Derrière l’aspect comique de chacun des personnages se cache un drame ou une détresse. Ils vivent tous dans un monde bouleversé. Le poste de maire de Gérard est menacé. Anne comme son amant Verekher (Hanns Zischler) sont gravement malades. Mathilde qui travaille avec Gérard de manière plus légère est complètement accro au portable. Nathalie, encore très jeune, n’est prise au sérieux par personne surtout pas par son amant. Béatrice a perdu sa mère dans des conditions mystérieuses et a dû lui cacher sa liaison avec son beau-père qu’elle n’aime plus aujourd’hui. Quant à Bruno, il ne sait plus ce qu’il veut. Il ne sait plus grand chose d’ailleurs. Il doit réapprendre à vivre.
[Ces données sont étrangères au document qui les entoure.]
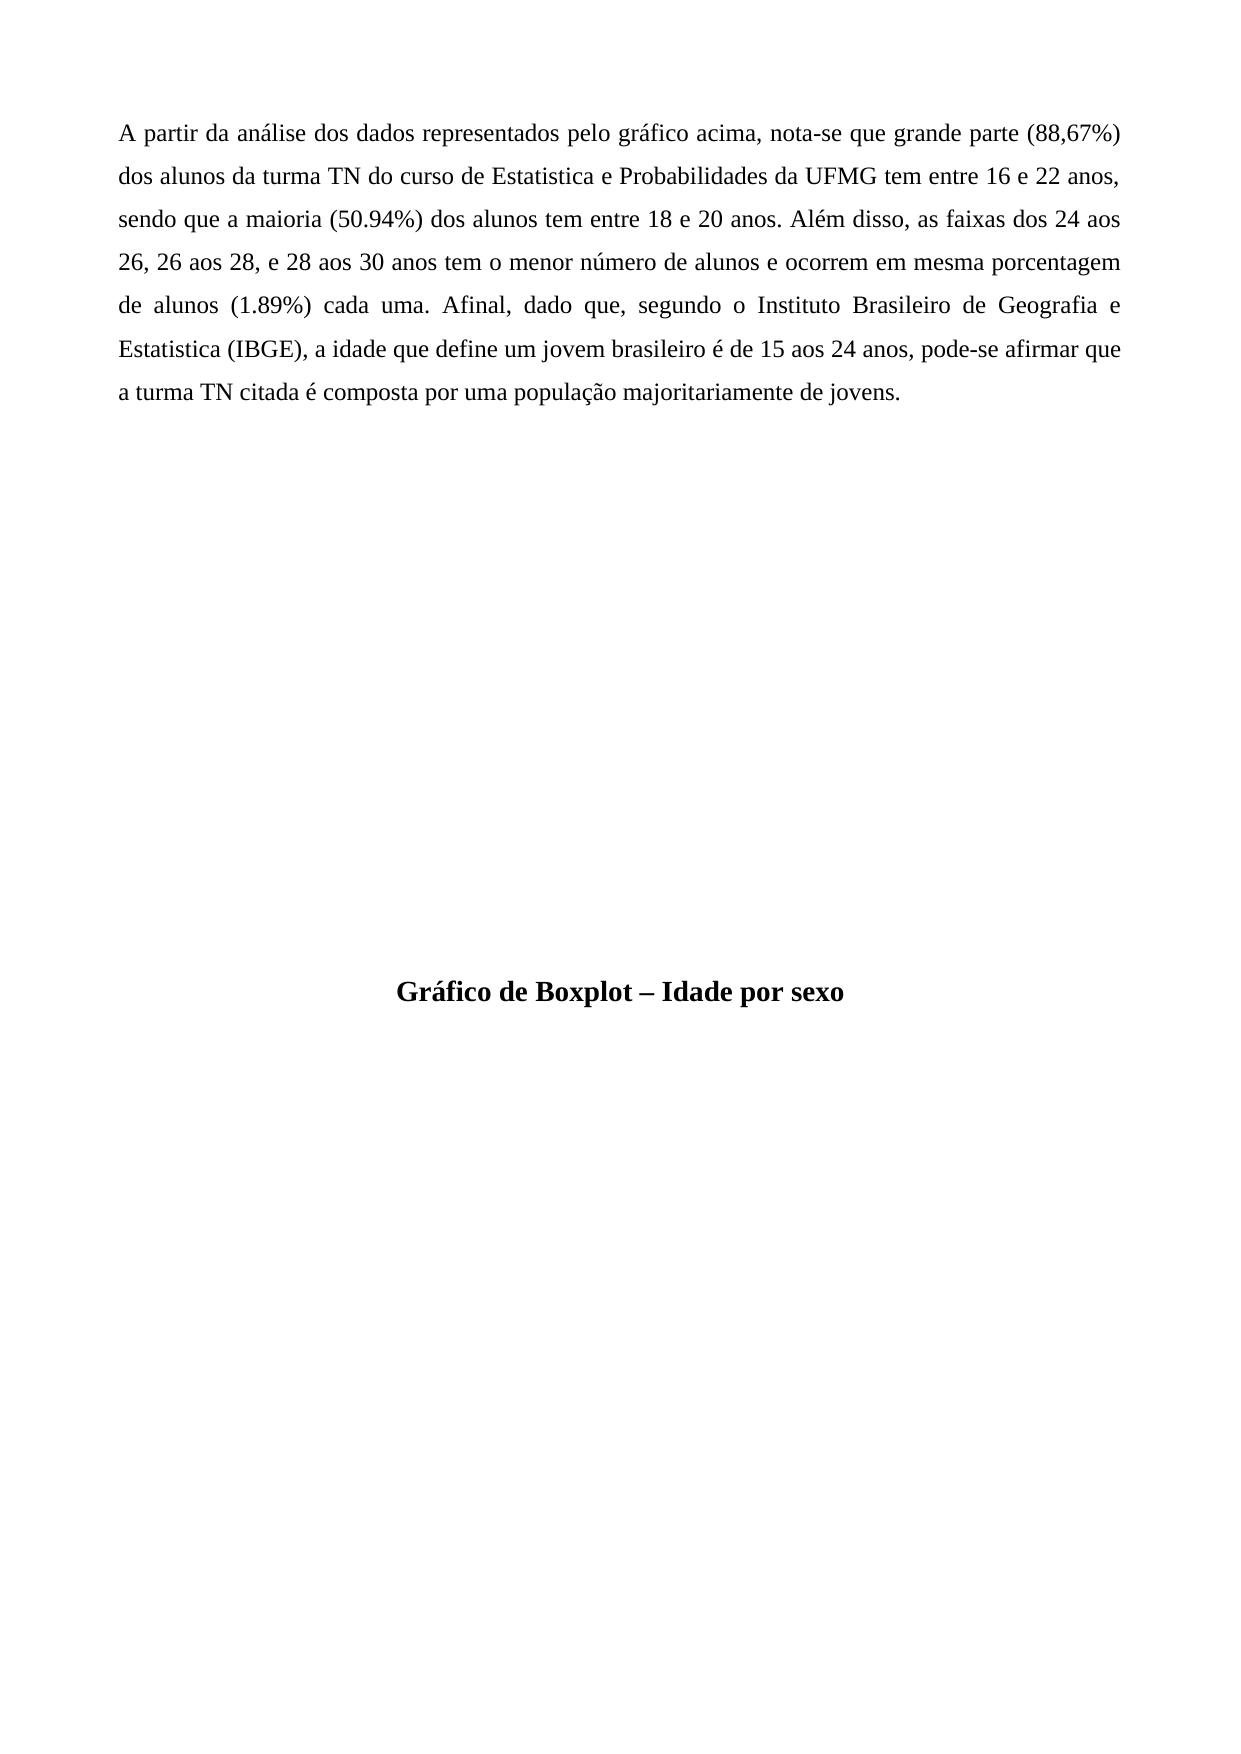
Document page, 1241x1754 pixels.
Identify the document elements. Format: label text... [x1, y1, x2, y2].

text A partir da análise dos dados representados pelo gráfico acima, nota-se que grande parte (88,67%) dos alunos da turma TN do curso de Estatistica e Probabilidades da UFMG tem entre 16 e 22 anos, sendo que a maioria (50.94%) dos alunos tem entre 18 e 20 anos. Além disso, as faixas dos 24 aos 26, 26 aos 28, e 28 aos 30 anos tem o menor número de alunos e ocorrem em mesma porcentagem de alunos (1.89%) cada uma. Afinal, dado que, segundo o Instituto Brasileiro de Geografia e Estatistica (IBGE), a idade que define um jovem brasileiro é de 15 aos 24 anos, pode-se afirmar que a turma TN citada é composta por uma população majoritariamente de jovens. [118, 118, 1122, 406]
text Gráfico de Boxplot – Idade por sexo [118, 974, 1122, 1008]

Ce difficile équilibre entre détresse et ridicule donne toute leur complexité et leur humanité aux personnages. Ils en deviennent petit à petit attachants. Le film doit ici beaucoup aux talents de l’ensemble du casting et notamment à Daniel Auteuil et Kristin Scott Thomas dont le tête-à-tête fonctionne à merveille. La mise en scène est là pour saisir au mieux leurs performances.
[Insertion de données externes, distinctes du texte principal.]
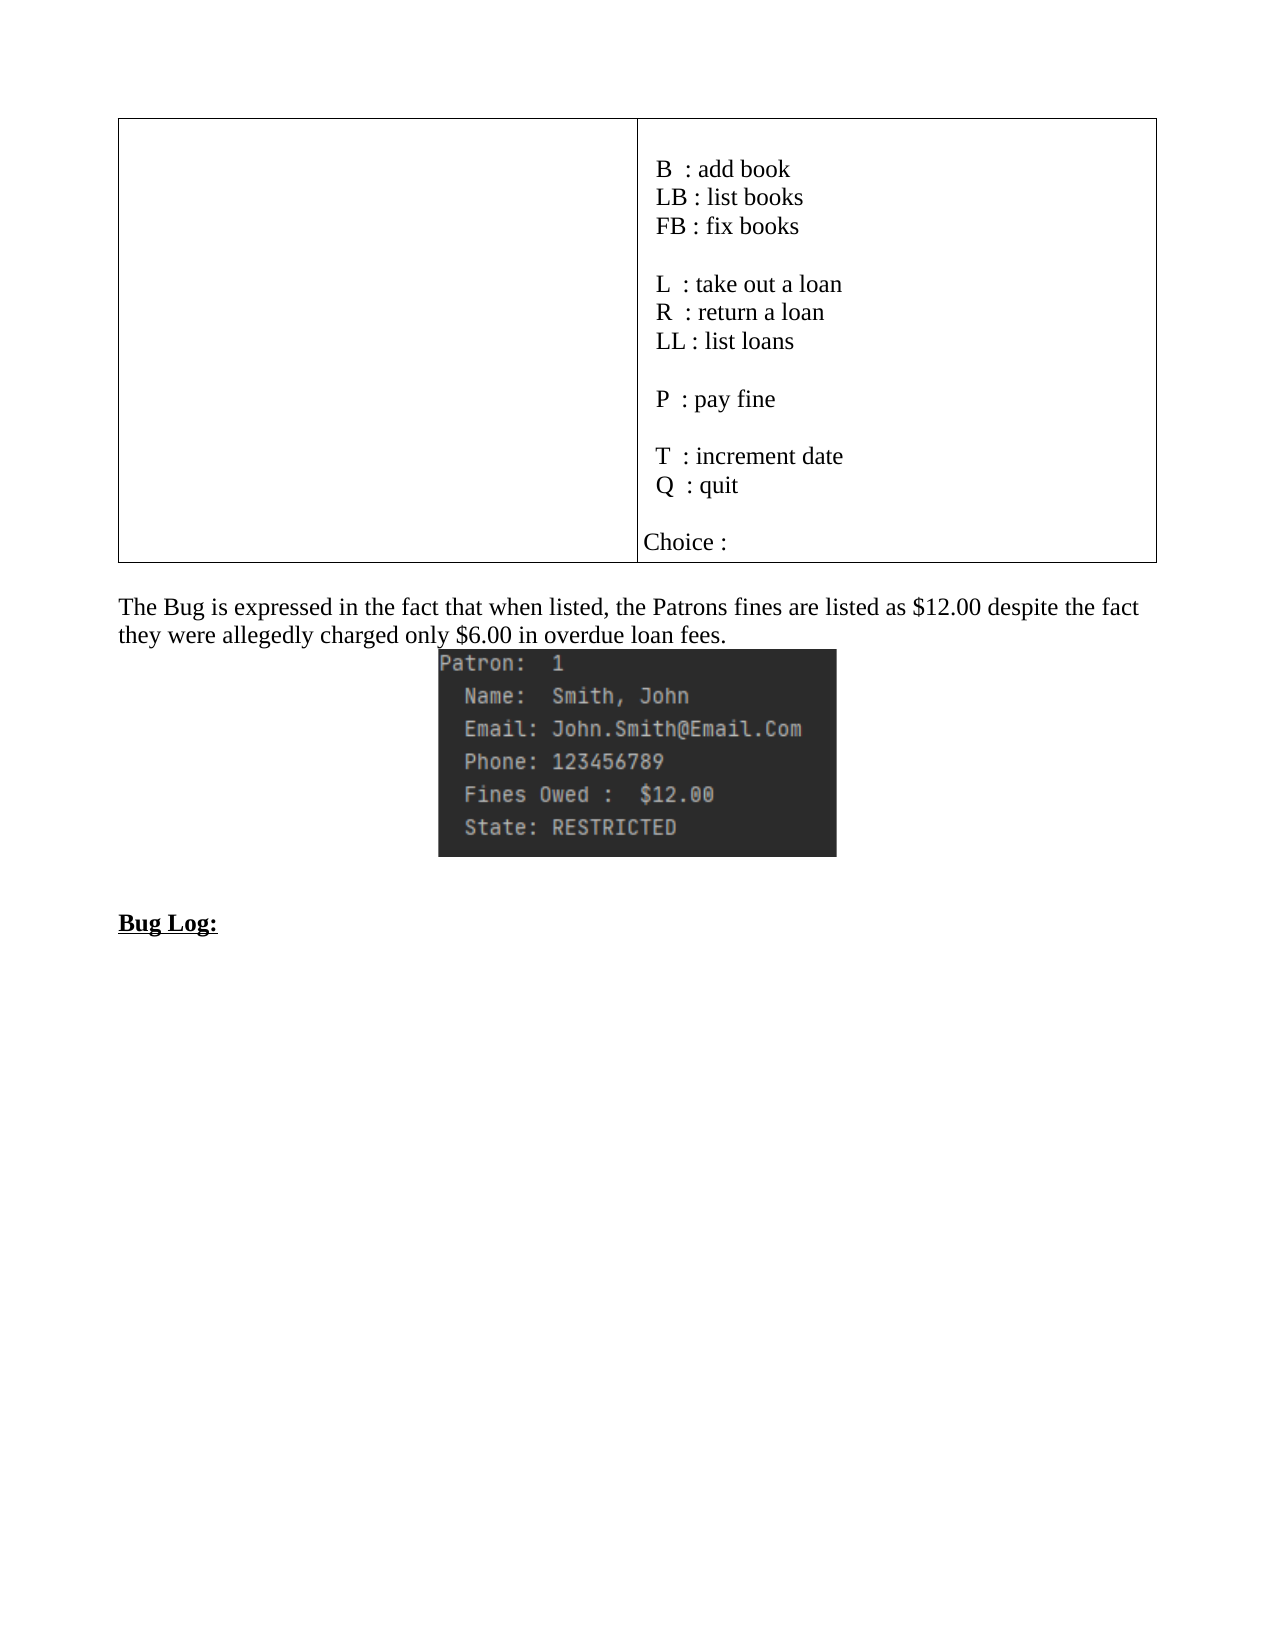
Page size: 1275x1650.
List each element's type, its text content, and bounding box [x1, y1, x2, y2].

table_cell B : add book LB : list books FB : fix books L : take out a loan R : return a loan LL : list loans P : pay fine T : increment date Q : quit Choice : [638, 119, 1156, 562]
text The Bug is expressed in the fact that when listed, the Patrons fines are listed as $12.00 despite the fact they were allegedly charged only $6.00 in overdue loan fees. [118, 592, 1157, 649]
picture [438, 649, 837, 857]
text Bug Log: [118, 908, 1157, 937]
table_cell [119, 119, 637, 562]
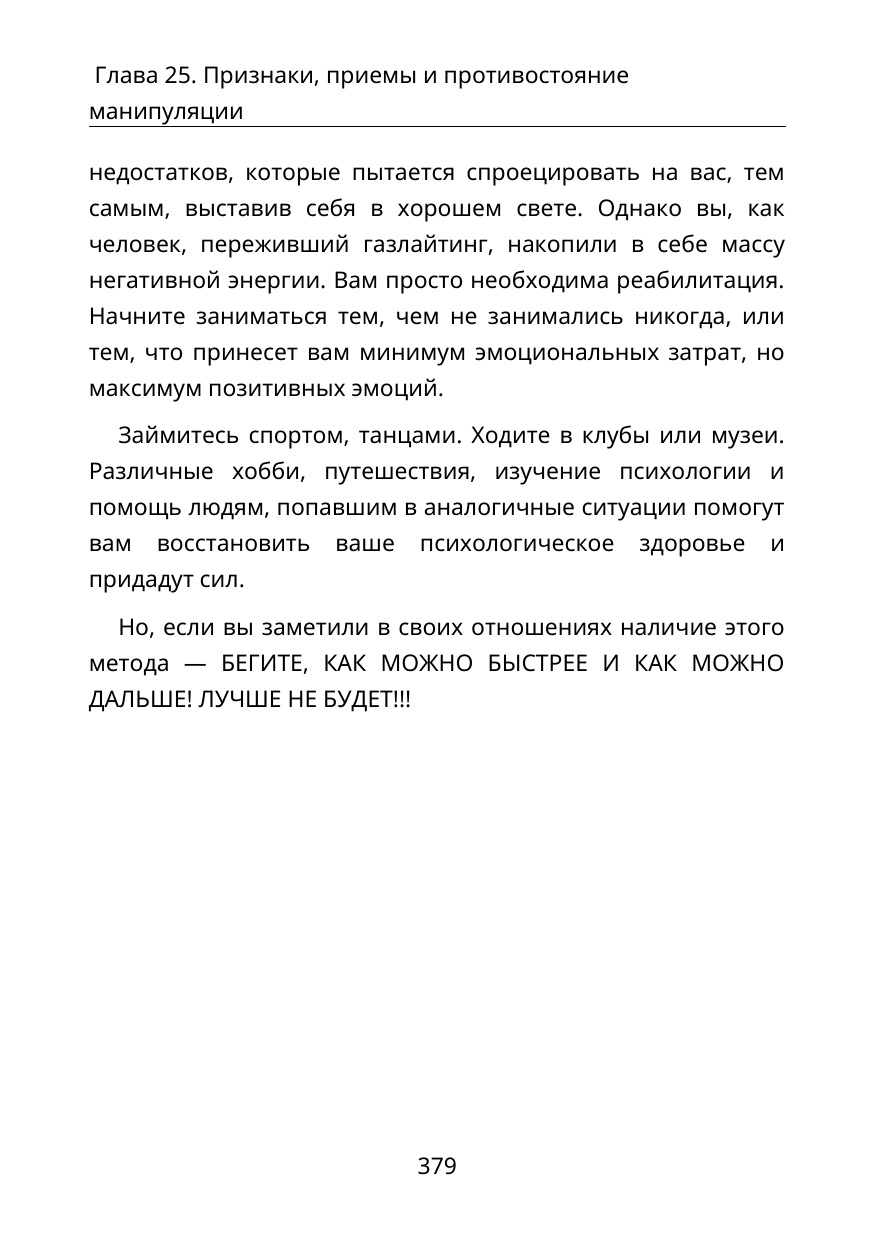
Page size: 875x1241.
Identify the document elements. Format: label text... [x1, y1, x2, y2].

text Но, если вы заметили в своих отношениях наличие этого метода — БЕГИТЕ, КАК МОЖНО БЫСТРЕЕ И КАК МОЖНО ДАЛЬШЕ! ЛУЧШЕ НЕ БУДЕТ!!! [88, 611, 786, 714]
text недостатков, которые пытается спроецировать на вас, тем самым, выставив себя в хорошем свете. Однако вы, как человек, переживший газлайтинг, накопили в себе массу негативной энергии. Вам просто необходима реабилитация. Начните заниматься тем, чем не занимались никогда, или тем, что принесет вам минимум эмоциональных затрат, но максимум позитивных эмоций. [88, 156, 786, 403]
text Займитесь спортом, танцами. Ходите в клубы или музеи. Различные хобби, путешествия, изучение психологии и помощь людям, попавшим в аналогичные ситуации помогут вам восстановить ваше психологическое здоровье и придадут сил. [88, 419, 786, 594]

Si la vie de tous les personnages est sens dessus dessous, Pascal Bonitzer s’efforce lui à donner de l’ordre à son film. Il organise d’abord de nombreux effets d’échos et répétitions. Dans la première scène, Nathalie demande à Gaëlle comment on peut être communiste aujourd’hui. La même question est posée un peu plus tard à Bruno qui donnera la même réponse qu’avait faite son ancienne compagne. L’histoire des cartels que Béatrice explique à son compagnon de la nuit revient au moment le plus inattendu dans la chambre du mari. Plus subtilement, le dernier plan fait écho au premier. On y voit une femme se mettre du rouge à lèvre dans une glace indiquant peut-être que Béatrice pourrait prendre la place de Gaëlle. La musique va dans le même sens avec la répétition d’un même thème inquiétant et mystérieux tout au long du film. Dans tous les cas, la boucle est bouclée.
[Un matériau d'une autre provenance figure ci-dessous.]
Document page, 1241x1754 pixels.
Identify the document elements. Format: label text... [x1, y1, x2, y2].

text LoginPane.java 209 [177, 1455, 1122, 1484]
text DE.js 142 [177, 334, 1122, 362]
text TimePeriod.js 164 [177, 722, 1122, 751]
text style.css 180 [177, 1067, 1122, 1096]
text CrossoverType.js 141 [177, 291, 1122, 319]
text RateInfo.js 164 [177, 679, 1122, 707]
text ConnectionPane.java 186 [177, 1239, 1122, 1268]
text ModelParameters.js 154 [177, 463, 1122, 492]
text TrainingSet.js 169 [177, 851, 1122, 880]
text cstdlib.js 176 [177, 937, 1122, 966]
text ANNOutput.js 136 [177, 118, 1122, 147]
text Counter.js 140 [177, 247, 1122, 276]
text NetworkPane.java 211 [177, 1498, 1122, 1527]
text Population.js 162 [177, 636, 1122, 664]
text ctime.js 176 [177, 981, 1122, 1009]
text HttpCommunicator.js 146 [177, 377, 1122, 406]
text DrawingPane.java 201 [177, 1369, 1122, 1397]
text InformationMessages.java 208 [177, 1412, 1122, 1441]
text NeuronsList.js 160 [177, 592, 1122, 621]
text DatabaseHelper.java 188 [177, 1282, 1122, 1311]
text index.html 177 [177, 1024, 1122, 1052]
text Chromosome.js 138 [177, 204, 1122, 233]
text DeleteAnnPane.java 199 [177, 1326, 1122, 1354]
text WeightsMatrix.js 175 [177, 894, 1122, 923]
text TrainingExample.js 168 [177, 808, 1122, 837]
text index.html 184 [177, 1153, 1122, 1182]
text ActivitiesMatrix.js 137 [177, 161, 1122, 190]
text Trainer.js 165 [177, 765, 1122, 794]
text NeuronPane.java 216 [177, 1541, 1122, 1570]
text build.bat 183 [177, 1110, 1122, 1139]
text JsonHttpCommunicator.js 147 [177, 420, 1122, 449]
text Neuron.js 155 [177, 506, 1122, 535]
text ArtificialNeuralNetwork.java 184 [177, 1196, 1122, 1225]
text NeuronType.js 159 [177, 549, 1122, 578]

Pascal Bonitzer organise également la circulation d’objets qui font avancer le récit et tiennent le film unis. Il s’agit d’un revolver et d’une bague, symbole de fidélité qui passe ironiquement entre les mains de toutes les femmes de Bruno. Ce désir d’ordre contamine peu à peu les personnages et l’histoire. La nuit que Bruno passe en compagnie de Béatrice lui sert de révélation. A l’aube devant Notre-Dame de la Salette, le personnage vit une expérience mystique qui va peu à peu le transformer. Ce n’est que le lendemain, croyant avoir perdu Béatrice pour toujours, qu’il lui avoue son amour, exprimant ainsi pour la première fois du film une conviction profonde et irrémédiable. De même, Gaëlle trouve un nouveau compagnon sans doute plus satisfaisant. Béatrice, de son côté, est enfin libérée par la mort de son dernier compagnon. La scène finale est ici particulièrement représentative de l’esprit qui prévaut à tout le film. Du fait d’une ellipse de montage, un doute plane sur l’enterrement auquel on assiste. On ne sait pas bien qui est mort. Quand Bruno apparaît, il est physiquement changé mais toujours raillé par Béatrice comme si les choses n’avaient pas vraiment évolué. Si un certain ordre est revenu, il n’efface pas les incertitudes. C’est dans ce constant entre-deux et ce déséquilibre que le film trouve un terrain de jeu privilégié. Petites Coupures oscille ainsi entre le bleu du ciel et le gris des nuages.